I realize I have spent most of my life wasting valuable and precious energy in trying to prevent these sensitive areas from being bumped, or triggered, and stimulated. I tried to control and manipulate all the things, experiences and people around me to avoid the sting of such an encounter.

One small example:

 I never felt "safe" in a car when I was the one driving.  From the very beginning, it triggered a deeply rooted and childhood belief in me that I wasn't capable enough to protect myself and other people from the unsafe world out there. On top of that, I had a major accident within a few months of getting my license. It was very traumatic for me but instead of dealing with it, I stuffed that too.

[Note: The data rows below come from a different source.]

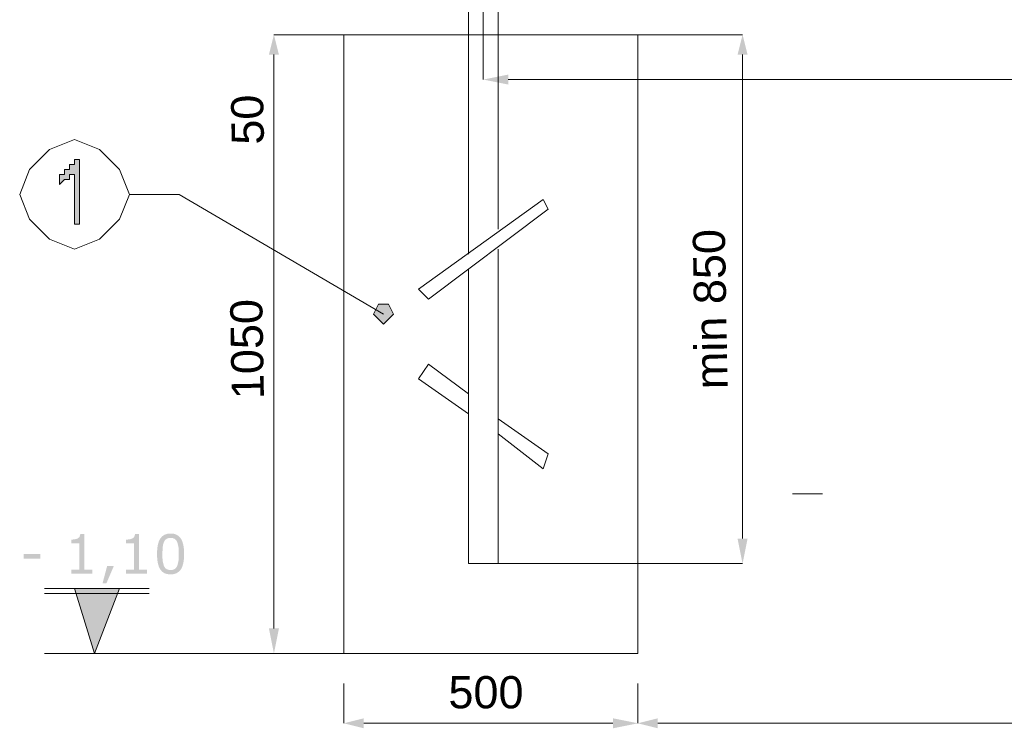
# Model space of a CAD drawing. Header units: millimetres. Extents: x 74583 to 75292, y 11361 to 11727.
# Tile 10 of 85: x 74919 to 74927, y 11688 to 11694. Entities that reach past the tile are written whole.
import ezdxf

# ---------------------------------------------------------------- set-up
doc = ezdxf.new("R2010")
doc.units = ezdxf.units.MM
doc.layers.add('C00-00-00', color=7, linetype='Continuous')
doc.styles.get("Standard").update_dxf_attribs({"font": 'ARIAL.TTF'})

msp = doc.modelspace()

# ---------------------------------------------------------------- hatches: boundary and pattern name
at = {"layer": 'C00-00-00'}
h = msp.add_hatch(color=256, dxfattribs=at)
h.dxf.hatch_style = 2
h.paths.add_polyline_path([(74920.7446, 11693.7266), (74920.8293, 11693.7266), (74920.7869, 11693.8959)])
h = msp.add_hatch(color=256, dxfattribs=at)
h.dxf.hatch_style = 2
h.paths.add_polyline_path([(74920.7446, 11693.7266), (74920.8293, 11693.7266), (74920.7869, 11693.8959)])
h = msp.add_hatch(color=256, dxfattribs=at)
h.dxf.hatch_style = 2
h.paths.add_polyline_path([(74924.7239, 11693.7266), (74924.8086, 11693.7266), (74924.7663, 11693.8959)])
h = msp.add_hatch(color=256, dxfattribs=at)
h.dxf.hatch_style = 2
h.paths.add_polyline_path([(74922.7766, 11693.5573), (74922.7766, 11693.4726), (74922.5649, 11693.5149)])
h = msp.add_hatch(color=256, dxfattribs=at)
h.dxf.hatch_style = 2
h.paths.add_polyline_path([(74919.1359, 11692.2873), (74919.0936, 11692.2873), (74919.0936, 11692.7106), (74919.0513, 11692.7106), (74919.0513, 11692.6683), (74919.0089, 11692.6683), (74918.9666, 11692.6259), (74918.9666, 11692.7106), (74919.0089, 11692.7106), (74919.0089, 11692.7529), (74919.0513, 11692.7529), (74919.0513, 11692.7953), (74919.0936, 11692.7953), (74919.0936, 11692.8376), (74919.1359, 11692.8376)])
h = msp.add_hatch(color=256, dxfattribs=at)
h.dxf.hatch_style = 2
h.paths.add_polyline_path([(74921.8029, 11691.5253), (74921.7606, 11691.6099), (74921.7183, 11691.6099), (74921.6759, 11691.6099), (74921.6336, 11691.5253), (74921.6759, 11691.4829), (74921.7183, 11691.4406), (74921.7606, 11691.4829)])
h = msp.add_hatch(color=256, dxfattribs=at)
h.dxf.hatch_style = 2
h.paths.add_polyline_path([(74919.2456, 11689.3239), (74919.0651, 11689.3239), (74919.0651, 11689.358), (74919.1345, 11689.358), (74919.1345, 11689.5815), (74919.0651, 11689.5815), (74919.0651, 11689.6119), (74919.0953, 11689.6143), (74919.1196, 11689.621), (74919.1359, 11689.6352), (74919.1428, 11689.6585), (74919.1775, 11689.6585), (74919.1775, 11689.358), (74919.2456, 11689.358)])
h = msp.add_hatch(color=256, dxfattribs=at)
h.dxf.hatch_style = 2
h.paths.add_polyline_path([(74919.7103, 11689.3239), (74919.5298, 11689.3239), (74919.5298, 11689.358), (74919.5993, 11689.358), (74919.5993, 11689.5815), (74919.5298, 11689.5815), (74919.5298, 11689.6119), (74919.56, 11689.6143), (74919.5844, 11689.621), (74919.6006, 11689.6352), (74919.6075, 11689.6585), (74919.6423, 11689.6585), (74919.6423, 11689.358), (74919.7103, 11689.358)])
h = msp.add_hatch(color=256, dxfattribs=at)
h.paths.add_polyline_path([(74920.0245, 11689.4908), (74920.0227, 11689.4488), (74920.0175, 11689.4129), (74920.0087, 11689.3829), (74919.9964, 11689.3589), (74919.9804, 11689.3406), (74919.9606, 11689.3275), (74919.9369, 11689.3196), (74919.9093, 11689.317), (74919.8813, 11689.3197), (74919.8573, 11689.3276), (74919.8374, 11689.3409), (74919.8215, 11689.3595), (74919.8094, 11689.3836), (74919.8008, 11689.4134), (74919.7957, 11689.449), (74919.794, 11689.4903), (74919.7957, 11689.5318), (74919.8009, 11689.5675), (74919.8096, 11689.5975), (74919.8219, 11689.6216), (74919.8378, 11689.6401), (74919.8577, 11689.6534), (74919.8815, 11689.6614), (74919.9093, 11689.664), (74919.9372, 11689.6613), (74919.9611, 11689.6532), (74919.981, 11689.6397), (74919.9968, 11689.6209), (74920.0089, 11689.5966), (74920.0176, 11689.5669), (74920.0228, 11689.5316)])
h.paths.add_polyline_path([(74919.9657, 11689.3891), (74919.9763, 11689.4317), (74919.9784, 11689.4587), (74919.9792, 11689.4908), (74919.9763, 11689.5499), (74919.9654, 11689.5924), (74919.9561, 11689.6076), (74919.944, 11689.6184), (74919.9285, 11689.6249), (74919.9093, 11689.6271), (74919.89, 11689.6249), (74919.8744, 11689.6184), (74919.862, 11689.6075), (74919.8525, 11689.592), (74919.8461, 11689.5728), (74919.8422, 11689.5487), (74919.8394, 11689.4903), (74919.84, 11689.4582), (74919.8418, 11689.4318), (74919.8524, 11689.3898), (74919.8612, 11689.3743), (74919.8732, 11689.3631), (74919.889, 11689.3562), (74919.9093, 11689.354), (74919.9284, 11689.3561), (74919.9442, 11689.3626), (74919.9565, 11689.3736)])
h = msp.add_hatch(color=256, dxfattribs=at)
h.dxf.hatch_style = 2
h.paths.add_polyline_path([(74924.7239, 11689.6203), (74924.8086, 11689.6203), (74924.7663, 11689.4086)])
h = msp.add_hatch(color=256, dxfattribs=at)
h.dxf.hatch_style = 2
h.paths.add_polyline_path([(74918.802, 11689.4496), (74918.6622, 11689.4496), (74918.6622, 11689.4901), (74918.802, 11689.4901)])
h = msp.add_hatch(color=256, dxfattribs=at)
h.dxf.hatch_style = 2
h.paths.add_polyline_path([(74919.4272, 11689.3877), (74919.3641, 11689.2411), (74919.3314, 11689.2411), (74919.3704, 11689.3877)])
h = msp.add_hatch(color=256, dxfattribs=at)
h.dxf.hatch_style = 2
h.paths.add_polyline_path([(74919.4746, 11689.1969), (74919.0936, 11689.1969), (74919.2629, 11688.6466)])
h = msp.add_hatch(color=256, dxfattribs=at)
h.dxf.hatch_style = 2
h.paths.add_polyline_path([(74920.7446, 11688.8583), (74920.8293, 11688.8583), (74920.7869, 11688.6466)])
h = msp.add_hatch(color=256, dxfattribs=at)
h.dxf.hatch_style = 2
h.paths.add_polyline_path([(74921.5489, 11688.0963), (74921.5489, 11688.0116), (74921.3796, 11688.0539)])
h = msp.add_hatch(color=256, dxfattribs=at)
h.dxf.hatch_style = 2
h.paths.add_polyline_path([(74923.6656, 11688.0963), (74923.6656, 11688.0116), (74923.8773, 11688.0539)])
h = msp.add_hatch(color=256, dxfattribs=at)
h.dxf.hatch_style = 2
h.paths.add_polyline_path([(74924.0466, 11688.0963), (74924.0466, 11688.0116), (74923.8773, 11688.0539)])

# ---------------------------------------------------------------- linework, layer by layer
at = {"layer": 'C00-00-00', "lineweight": 0}
for points in [[(74922.4379, 11714.3853), (74922.4379, 11692.0333)], [(74922.6919, 11692.2449), (74922.6919, 11714.3853)], [(74922.5649, 11694.1499), (74922.5649, 11693.5149)], [(74921.3796, 11693.8959), (74920.7869, 11693.8959)], [(74921.3796, 11693.8959), (74920.7869, 11693.8959)], [(74923.8773, 11693.8959), (74924.7663, 11693.8959)], [(74920.7869, 11693.7266), (74920.7869, 11692.8799)], [(74920.7869, 11693.7266), (74920.7869, 11688.8583)], [(74924.7663, 11689.6203), (74924.7663, 11693.7266)], [(74922.7766, 11693.5149), (74935.0109, 11693.5149)], [(74919.5593, 11692.5413), (74919.9826, 11692.5413)], [(74919.9826, 11692.5413), (74921.7183, 11691.5253)], [(74922.0146, 11691.7369), (74923.0729, 11692.4989)], [(74923.0729, 11692.4989), (74923.1153, 11692.4143)], [(74922.0993, 11691.6523), (74923.1153, 11692.4143)], [(74922.6919, 11689.4086), (74922.6919, 11692.0756)], [(74922.4379, 11691.9063), (74922.4379, 11689.4086)], [(74922.0146, 11691.7369), (74922.0993, 11691.6523)], [(74922.0146, 11690.9749), (74922.0993, 11691.1019)], [(74922.0993, 11691.1019), (74922.4379, 11690.8479)], [(74922.0146, 11690.9749), (74922.4379, 11690.6786)], [(74922.6919, 11690.6363), (74923.1153, 11690.3399)], [(74922.6919, 11690.5093), (74923.0729, 11690.2129)], [(74923.0729, 11690.2129), (74923.1153, 11690.3399)], [(74925.1896, 11690.0013), (74925.4436, 11690.0013)], [(74922.4379, 11689.4086), (74922.6919, 11689.4086)], [(74922.4379, 11689.4086), (74922.5226, 11689.4086)], [(74922.6073, 11689.4086), (74922.6919, 11689.4086)], [(74922.6919, 11689.4086), (74924.7663, 11689.4086)], [(74918.8396, 11689.1969), (74919.7286, 11689.1969)], [(74918.8396, 11689.1546), (74919.7286, 11689.1546)], [(74919.0936, 11689.1969), (74919.2629, 11688.6466)], [(74919.4746, 11689.1969), (74919.0936, 11689.1969)], [(74919.4746, 11689.1969), (74919.2629, 11688.6466)], [(74921.3796, 11688.6466), (74918.8396, 11688.6466)], [(74921.3796, 11688.6466), (74920.7869, 11688.6466)], [(74921.3796, 11688.3926), (74921.3796, 11688.0539)], [(74923.8773, 11688.3926), (74923.8773, 11688.0539)], [(74923.8773, 11688.3926), (74923.8773, 11688.0539)], [(74923.6656, 11688.0539), (74921.5489, 11688.0539)], [(74924.0466, 11688.0539), (74933.9949, 11688.0539)]]:
    msp.add_lwpolyline(points, dxfattribs=at)
for points in [[(74923.8773, 11688.6466), (74921.3796, 11688.6466), (74921.3796, 11693.8959), (74923.8773, 11693.8959)], [(74919.5593, 11692.5413), (74919.4746, 11692.7529), (74919.3053, 11692.9223), (74919.0936, 11693.0069), (74918.8819, 11692.9223), (74918.7126, 11692.7529), (74918.6279, 11692.5413), (74918.7126, 11692.3296), (74918.8819, 11692.1603), (74919.0936, 11692.0756), (74919.3053, 11692.1603), (74919.4746, 11692.3296)], [(74919.1359, 11692.2873), (74919.0936, 11692.2873), (74919.0936, 11692.7106), (74919.0513, 11692.7106), (74919.0513, 11692.6683), (74919.0089, 11692.6683), (74918.9666, 11692.6259), (74918.9666, 11692.7106), (74919.0089, 11692.7106), (74919.0089, 11692.7529), (74919.0513, 11692.7529), (74919.0513, 11692.7953), (74919.0936, 11692.7953), (74919.0936, 11692.8376), (74919.1359, 11692.8376)], [(74921.8029, 11691.5253), (74921.7606, 11691.6099), (74921.7183, 11691.6099), (74921.6759, 11691.6099), (74921.6336, 11691.5253), (74921.6759, 11691.4829), (74921.7183, 11691.4406), (74921.7606, 11691.4829)]]:
    msp.add_lwpolyline(points, close=True, dxfattribs=at)

# ---------------------------------------------------------------- texts
at = {"layer": 'C00-00-00', "char_height": 0.273498, "attachment_point": 1, "rotation": 91}
for s, insert in [('{\\fArial|b0|i0|c0;50}', (74920.4289, 11692.9599)), ('{\\fArial|b0|i0|c0;min 850}', (74924.3659, 11690.8855)), ('{\\fArial|b0|i0|c0;1050}', (74920.4289, 11690.8009))]:
    msp.add_mtext(s, dxfattribs=dict(at, insert=insert))
at = {"layer": 'C00-00-00', "insert": (74922.2686, 11688.4544), "char_height": 0.273498, "attachment_point": 1}
msp.add_mtext('{\\fArial|b0|i0|c0;500}', dxfattribs=at)

doc.saveas('drawing.dxf')

I never let that originating experience, that got me believing  I wasn't capable and that the world was unsafe in the first place, go; I didn't let the trauma of the accident  go because I couldn't let the childhood experience go so I had vortex of these experiences spinning around inside me. They keep bumping up against each other creating a form of driving anxiety, and subsequently prolonged and unnecessary pain and suffering whenever I thought of driving.  

Triggered Fear

I still drive but even the thought of having to drive somewhere in a future situation will trigger this sensitivity in me, reminding me of the accident and reminding me of my belief that I am not capable. Fear wants to come up but I have learned to fear fear. My mind jumps in and does whatever it can to protect itself, the little me, from this experience of fear. 

First it will try to find ways for me to avoid the driving..."maybe someone else will drive me, maybe I can cancel my appointment or make an excuse why I can't drive that person there".  If that fails, it will plan my driving route sometimes days in advance.  "Well if I go at this time of the day around this street it won't be so busy.  There will be less chance of an accident.  If I go there...then there and there even if it is an extra fifteen minutes, I will avoid all left hand turns [which for some reason really trigger this sensitivity in me]."

If I can't find away out...I will give myself a lecture about the importance of not avoiding anxiety provoking situations. I will very reluctantly agree  to face my fear, breathe deep and crawl into the car.   I always contract a bit when I get behind the wheel. I have the experience of anxiety and fear. My chest will come forward and my shoulders will tense up.   My heart will beat a little faster and my hands will cling the wheel a little too tightly. I am like a gazelle on the Serengeti who realizes she has been spotted by a hungry lion. I will feel fear  really, really wanting to be expressed. But I block that with a head full of thinking. My mind will chastise me for it, "What is wrong with you? You are 50 + and acting like someone in high school taking driving lessons.  Smarten up."  Self shaming and anger is a way of avoiding the fear.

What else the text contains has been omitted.